Regressão Logística

Imports:


In [1]:
%matplotlib inline
from sklearn.linear_model import LogisticRegression
import matplotlib.pyplot as plt

import pandas as pd
import numpy as np
from numpy import *
import sys
import csv

Preprocessing data


In [34]:
input_filename = "iris.data.txt"

att = pd.read_csv(input_filename, sep=',', header=None)

H = att.iloc[:,0:-1] # Get content to be trained
H = np.c_[np.ones(len(H)), H]

y = np.where(att.iloc[:,-1]=="Iris-setosa", 1.0, 0.0)

label = list(["Iris-virginica/versicolor","Iris-setosa"])

Compute norma:

$\left| \left| \nabla l(w^{(t)}) \right| \right| = \sqrt{\displaystyle \sum_{i=1}^{m} \left( w_{i}^{(t)} \right)^{2} }$

I implement Logistic Regression based on Multiple Linear Regression implementation.


In [3]:
def compute_norma(vector):
    norma = np.sqrt( np.sum( vector ** 2 ) )
    return norma

Compute sigmoid

$\sigma (x) = \displaystyle \frac{1}{1 + e^{-x}}$


In [16]:
def sigmoid(x):
    sig = 1 / ( 1 + exp( - x ) )
    return sig

Compute step gradient to train Multiple Linear Regression

$\frac{\partial l(w)}{\partial w_{j} } = \displaystyle \sum{ \left( y - \frac{1}{1+e^{-\theta^{t}x}} \right) x }$


In [17]:
def step_gradient(H, w_current, y, learning_rate):
    diff = y - sigmoid( np.dot( H, w_current ) )
    
    partial = np.sum( ( diff * ( H.transpose() ) ).transpose(), axis = 0 )
    
    norma = compute_norma(partial)

    w = w_current + ( learning_rate * partial )

    return [w, norma]

Compute complete gradient ascending:


In [21]:
def gradient_ascendent(H, y, learning_rate, epsilon):
    w = np.zeros((H.shape[1])) #has the same size of output
    num_iterations = 0
    gradient = 1
    
    while(gradient > epsilon):
        [w, gradient] = step_gradient(H, w, y, learning_rate)
        num_iterations += 1

    return [w, num_iterations, gradient]

Running the logistic regression:


In [22]:
learning_rate = 0.0053
epsilon = 0.001
[w, num_iterations, norm_gradient] = gradient_ascendent(H, y, learning_rate, epsilon)
print("Norma: {0}\nw: {1}\nnum_iterations: {2}\n\n".format(norm_gradient, w, num_iterations))


Norma: 0.000999996847564
w: [ 0.98421228  1.6321127   5.21835306 -8.47674735 -4.2136109 ]
num_iterations: 217613


Computing the coefficients with Scikit-learn


In [31]:
# C value is used as regularization factor
# This is a inverse function, a high C value turn off regularization
reg = LogisticRegression(C=1e15)
reg.fit(H[:,1:], y)
print("\nCoef with scikit-learn: {0}".format(reg.coef_))
print("\nIntercept with scikit-learn: {0}".format(reg.intercept_))

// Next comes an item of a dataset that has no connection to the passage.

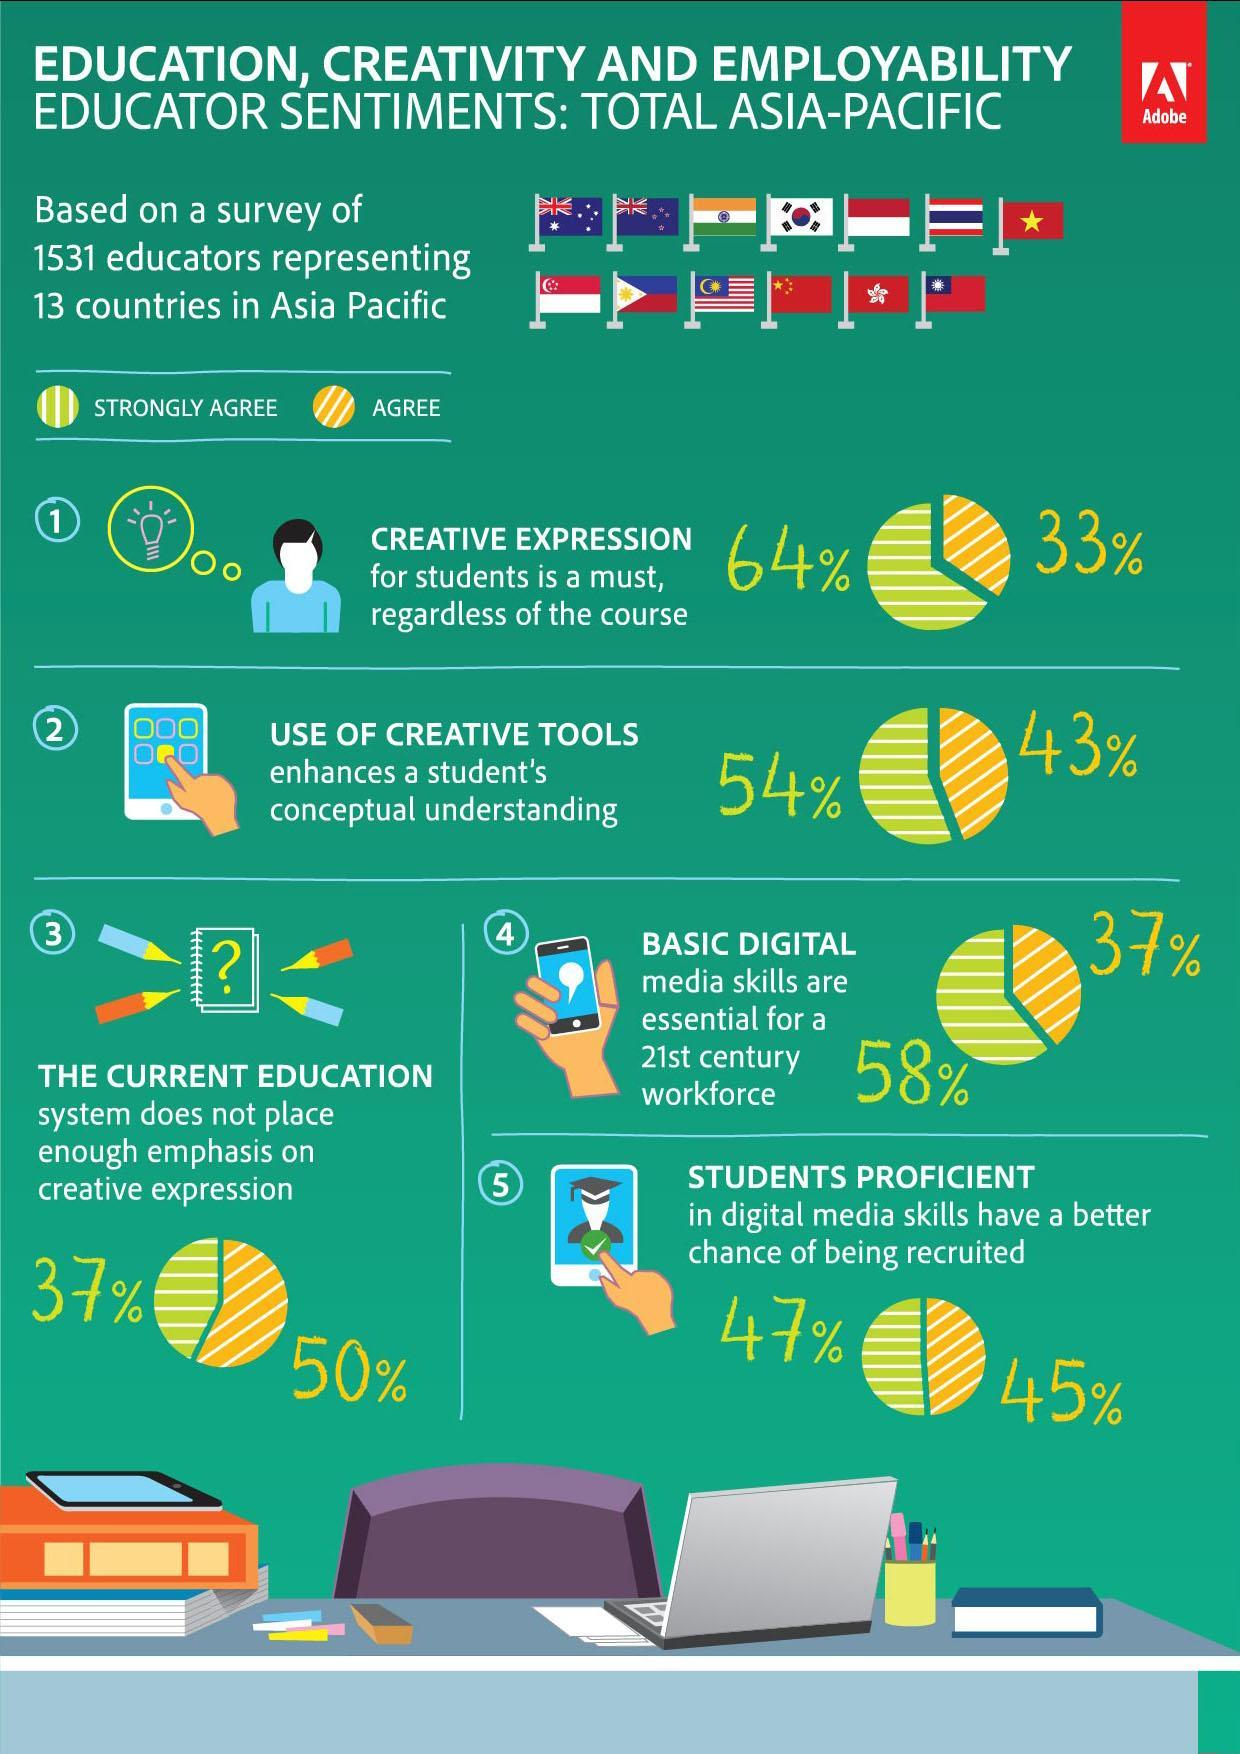What percentage of educators agree on the topic Students proficiency in digital media skills and chance of getting recruited fast?
Answer the question with a short phrase. 45% What percentage of educators have no opinion on creative expression is must for students? 3 What percentage of educators Strongly agree on the topic Students proficiency in digital media skills and chance of getting recruited fast? 47% What percentage of educators Strongly agree on use of creative tools enhances student understanding? 54% Which Asian country's flag is shown in the third position- China, Japan, India, Korea? India What percentage of educators Strongly agree on the topic Basic Digital media skill is essential for students in the current century? 58% What percentage of educators Strongly agree on the topic of current education system needs to be changed for more creative expression? 37% What percentage of educators Agree creative expression is must for students? 33% What percentage of educators agree on the topic- current education system needs to be changed for more creative expression? 50% How many questions/topics were taken into consideration for the survey? 5 
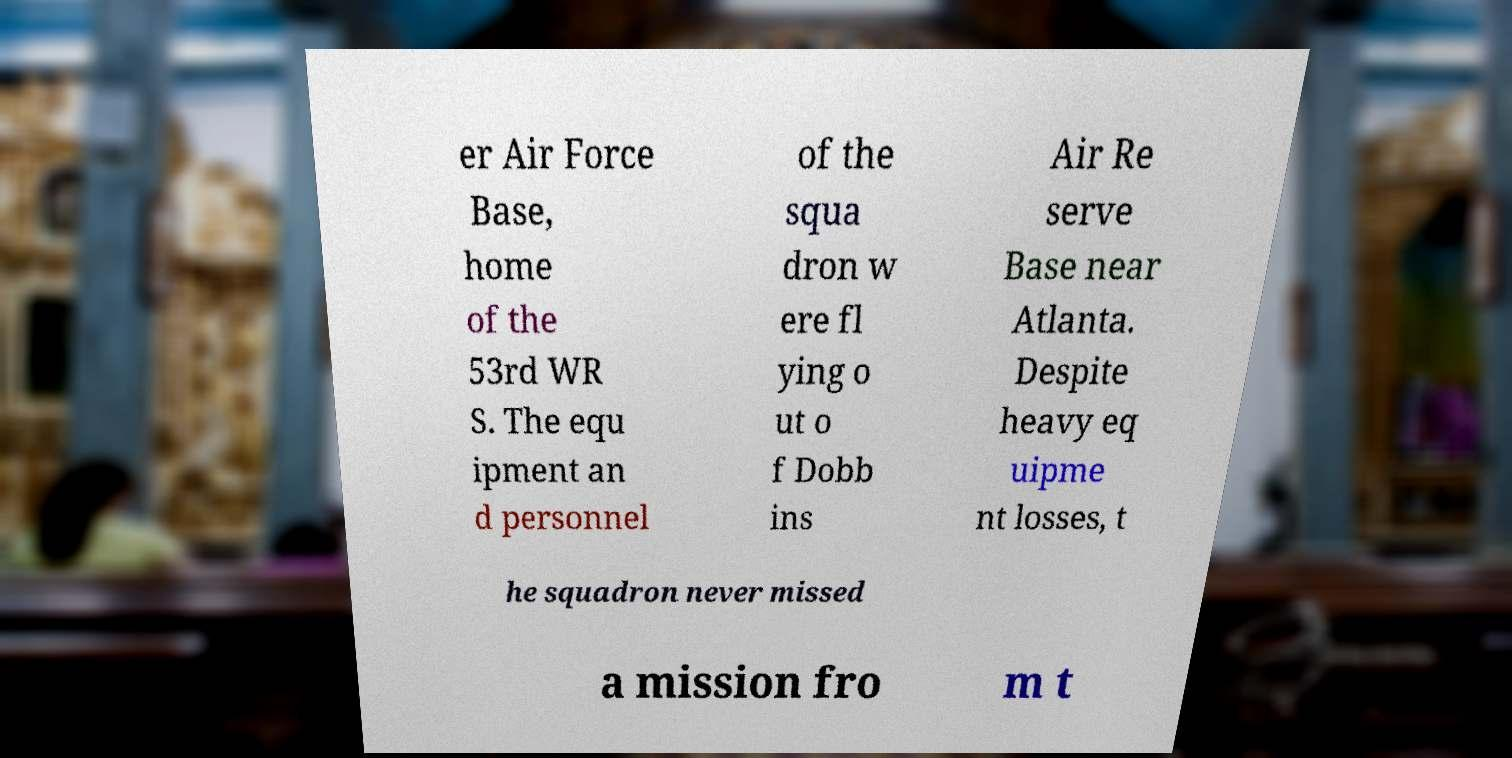I need the written content from this picture converted into text. Can you do that? er Air Force Base, home of the 53rd WR S. The equ ipment an d personnel of the squa dron w ere fl ying o ut o f Dobb ins Air Re serve Base near Atlanta. Despite heavy eq uipme nt losses, t he squadron never missed a mission fro m t

Coef with scikit-learn: [[ 1.51526204  4.92414975 -7.80941844 -3.81889579]]

Intercept with scikit-learn: [ 0.90113843]

Predict function


In [104]:
#Return the flower name and probability
def predict(w, x, label):
    pred = sigmoid( np.dot( w, x.transpose() ) )
    class_name = np.where( np.round(pred), label[1], label[0] ) #Flower name
    pred = np.where( pred<0.5, 1-pred, pred ) # Flower probability
    return [ class_name, np.around( pred*100, 3 ) ]

In [105]:
#             Iris-virginica       Iris-versicolor      Iris-setosa                                 
x = np.array( [[1,7.2,3.2,6.0,1.8], [1,5.0,2.3,3.3,1.0], [1,5.1,3.8,1.5,0.3]] )

[class_name, prob] = predict(w, x, label)

for name, p in zip( class_name, prob ):
    print("Class: {0}, probability: {1}%.".format(name, p))


Class: Iris-virginica/versicolor, probability: 100.0%.
Class: Iris-virginica/versicolor, probability: 99.998%.
Class: Iris-setosa, probability: 100.0%.